Zubereitung: Bis auf den Champagner alles im Shaker mit Eis zubereiten. Schütteln und in einem breiten Glas servieren; zum Abschluss mit kaltem Champagner auffüllen.
5. Tarzán
Zutaten: ½ weißer Tequila, 80 Gramm Karotte, 50 Gramm Sellerie, 50 Gramm Kopfsalat, 2 Tomaten, Basilikum, Zitrone, Petersilie, Salz und Pfeffer nach Geschmack
Zubereitung: Im Mixer mit etwas Crushed Ice verarbeiten, bis eine homogene Flüssigkeit entsteht; bei Bedarf Wasser hinzufügen. Abseihen und in einem Ballonglas servieren, garniert mit einem Petersilienzweig.
6. Sexueller Zaubertrank
Zutaten: Gin, frische Kokosmilch, frisch geriebener Ingwer, Pernod.

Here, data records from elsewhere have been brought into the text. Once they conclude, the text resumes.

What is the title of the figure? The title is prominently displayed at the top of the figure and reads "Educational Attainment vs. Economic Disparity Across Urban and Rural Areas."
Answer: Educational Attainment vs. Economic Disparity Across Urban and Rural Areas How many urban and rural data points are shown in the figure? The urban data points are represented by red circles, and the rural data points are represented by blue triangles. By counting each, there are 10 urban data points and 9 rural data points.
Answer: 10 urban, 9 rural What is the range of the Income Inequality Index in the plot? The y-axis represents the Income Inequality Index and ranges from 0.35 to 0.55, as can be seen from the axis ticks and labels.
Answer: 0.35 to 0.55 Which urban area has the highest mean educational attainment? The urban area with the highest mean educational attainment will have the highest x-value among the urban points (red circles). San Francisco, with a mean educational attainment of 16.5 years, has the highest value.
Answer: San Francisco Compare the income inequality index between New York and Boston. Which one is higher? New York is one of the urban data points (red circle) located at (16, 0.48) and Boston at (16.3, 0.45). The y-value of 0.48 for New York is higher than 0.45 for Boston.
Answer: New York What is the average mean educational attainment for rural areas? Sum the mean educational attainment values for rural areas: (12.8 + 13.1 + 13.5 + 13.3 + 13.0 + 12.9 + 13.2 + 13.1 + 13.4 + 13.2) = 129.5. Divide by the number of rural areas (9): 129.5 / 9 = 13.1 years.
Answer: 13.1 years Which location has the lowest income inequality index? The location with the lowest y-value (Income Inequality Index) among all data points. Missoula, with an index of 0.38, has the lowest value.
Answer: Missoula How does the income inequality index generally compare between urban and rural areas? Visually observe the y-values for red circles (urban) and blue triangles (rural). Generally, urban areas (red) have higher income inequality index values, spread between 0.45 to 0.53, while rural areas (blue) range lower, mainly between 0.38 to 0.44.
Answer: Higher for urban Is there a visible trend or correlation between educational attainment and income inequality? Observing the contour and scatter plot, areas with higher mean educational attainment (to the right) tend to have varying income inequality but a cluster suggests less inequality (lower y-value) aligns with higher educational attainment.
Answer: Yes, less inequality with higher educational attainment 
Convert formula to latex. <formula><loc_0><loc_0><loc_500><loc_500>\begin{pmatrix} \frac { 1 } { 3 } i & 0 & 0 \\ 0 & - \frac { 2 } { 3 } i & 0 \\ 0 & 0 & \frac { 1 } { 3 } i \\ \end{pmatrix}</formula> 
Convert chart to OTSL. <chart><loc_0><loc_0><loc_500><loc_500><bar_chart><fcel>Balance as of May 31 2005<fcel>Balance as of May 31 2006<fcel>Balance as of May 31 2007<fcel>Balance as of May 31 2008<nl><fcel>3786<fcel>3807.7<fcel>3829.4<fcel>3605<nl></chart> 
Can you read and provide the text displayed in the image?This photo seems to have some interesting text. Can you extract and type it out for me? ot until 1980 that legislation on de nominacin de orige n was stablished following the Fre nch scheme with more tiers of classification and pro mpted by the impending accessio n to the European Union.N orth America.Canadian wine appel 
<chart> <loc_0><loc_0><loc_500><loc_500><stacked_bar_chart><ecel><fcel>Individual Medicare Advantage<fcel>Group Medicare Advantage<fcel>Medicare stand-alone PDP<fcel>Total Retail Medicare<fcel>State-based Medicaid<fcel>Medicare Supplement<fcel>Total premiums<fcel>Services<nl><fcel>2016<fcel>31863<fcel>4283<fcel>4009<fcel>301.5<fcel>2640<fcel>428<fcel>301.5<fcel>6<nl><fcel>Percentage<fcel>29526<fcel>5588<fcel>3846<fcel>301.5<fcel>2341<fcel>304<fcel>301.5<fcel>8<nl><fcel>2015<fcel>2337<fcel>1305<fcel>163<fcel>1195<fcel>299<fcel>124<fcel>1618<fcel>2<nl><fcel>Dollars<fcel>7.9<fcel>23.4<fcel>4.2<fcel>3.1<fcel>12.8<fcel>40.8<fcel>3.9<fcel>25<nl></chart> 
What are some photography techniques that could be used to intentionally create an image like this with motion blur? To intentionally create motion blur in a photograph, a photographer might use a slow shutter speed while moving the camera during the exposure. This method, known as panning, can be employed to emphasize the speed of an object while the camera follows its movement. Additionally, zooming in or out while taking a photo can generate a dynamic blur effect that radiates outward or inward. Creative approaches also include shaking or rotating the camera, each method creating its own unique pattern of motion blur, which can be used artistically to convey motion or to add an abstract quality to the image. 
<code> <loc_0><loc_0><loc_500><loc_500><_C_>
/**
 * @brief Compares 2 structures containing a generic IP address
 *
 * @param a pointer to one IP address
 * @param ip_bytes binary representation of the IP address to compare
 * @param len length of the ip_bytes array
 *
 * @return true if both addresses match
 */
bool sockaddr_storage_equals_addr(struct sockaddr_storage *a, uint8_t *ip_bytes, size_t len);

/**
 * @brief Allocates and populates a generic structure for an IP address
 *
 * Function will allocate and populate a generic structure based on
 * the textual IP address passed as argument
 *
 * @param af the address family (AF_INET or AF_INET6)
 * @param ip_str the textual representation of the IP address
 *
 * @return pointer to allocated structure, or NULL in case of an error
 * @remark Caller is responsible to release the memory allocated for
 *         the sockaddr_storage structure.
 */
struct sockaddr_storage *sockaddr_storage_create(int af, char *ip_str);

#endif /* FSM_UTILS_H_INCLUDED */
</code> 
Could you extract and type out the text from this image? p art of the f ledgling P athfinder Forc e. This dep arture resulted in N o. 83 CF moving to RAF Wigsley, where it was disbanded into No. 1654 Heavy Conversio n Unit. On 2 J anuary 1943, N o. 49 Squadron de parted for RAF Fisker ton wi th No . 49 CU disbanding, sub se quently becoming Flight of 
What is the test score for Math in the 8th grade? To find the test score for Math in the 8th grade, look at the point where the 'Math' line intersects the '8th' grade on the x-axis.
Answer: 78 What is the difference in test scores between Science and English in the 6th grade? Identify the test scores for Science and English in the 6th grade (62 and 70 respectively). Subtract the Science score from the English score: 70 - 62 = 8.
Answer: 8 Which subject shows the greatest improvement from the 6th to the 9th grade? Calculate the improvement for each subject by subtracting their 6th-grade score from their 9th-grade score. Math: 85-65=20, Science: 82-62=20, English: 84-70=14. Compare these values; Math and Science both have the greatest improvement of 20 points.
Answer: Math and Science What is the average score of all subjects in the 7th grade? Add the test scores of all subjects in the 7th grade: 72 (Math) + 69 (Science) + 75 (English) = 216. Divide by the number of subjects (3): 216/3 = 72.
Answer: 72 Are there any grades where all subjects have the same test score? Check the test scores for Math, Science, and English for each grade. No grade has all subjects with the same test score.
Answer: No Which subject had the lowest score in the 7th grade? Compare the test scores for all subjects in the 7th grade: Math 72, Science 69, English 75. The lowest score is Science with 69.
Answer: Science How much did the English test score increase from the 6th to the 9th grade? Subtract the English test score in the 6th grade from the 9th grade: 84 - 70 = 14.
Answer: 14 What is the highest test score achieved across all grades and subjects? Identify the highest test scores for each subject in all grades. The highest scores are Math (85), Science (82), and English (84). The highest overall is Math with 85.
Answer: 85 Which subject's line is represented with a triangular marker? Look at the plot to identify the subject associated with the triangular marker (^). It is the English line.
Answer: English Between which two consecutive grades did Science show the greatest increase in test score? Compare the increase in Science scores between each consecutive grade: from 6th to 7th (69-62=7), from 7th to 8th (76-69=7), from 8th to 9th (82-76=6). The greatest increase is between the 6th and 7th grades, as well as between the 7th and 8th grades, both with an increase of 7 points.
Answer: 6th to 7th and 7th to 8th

Zubereitung: Alle Zutaten in den gewünschten Mengen gut miteinander vermischen und sofort servieren.
7. Liebeswasser
Zutaten: 1 Liter Rosenwasser, 15 Gramm Zimt, 20 Gramm Thymian, 5 Gramm Vanille, 5 Gramm Koriander.
Zubereitung: In einem Liter Rosenwasser zwei Wochen lang 15 Gramm Zimt, 20 Gramm Thymian, 5 Gramm Muskatblüte und 5 Gramm Koriander mazerieren lassen. Nach zwei Wochen abseihen und mit Sirup vermischen.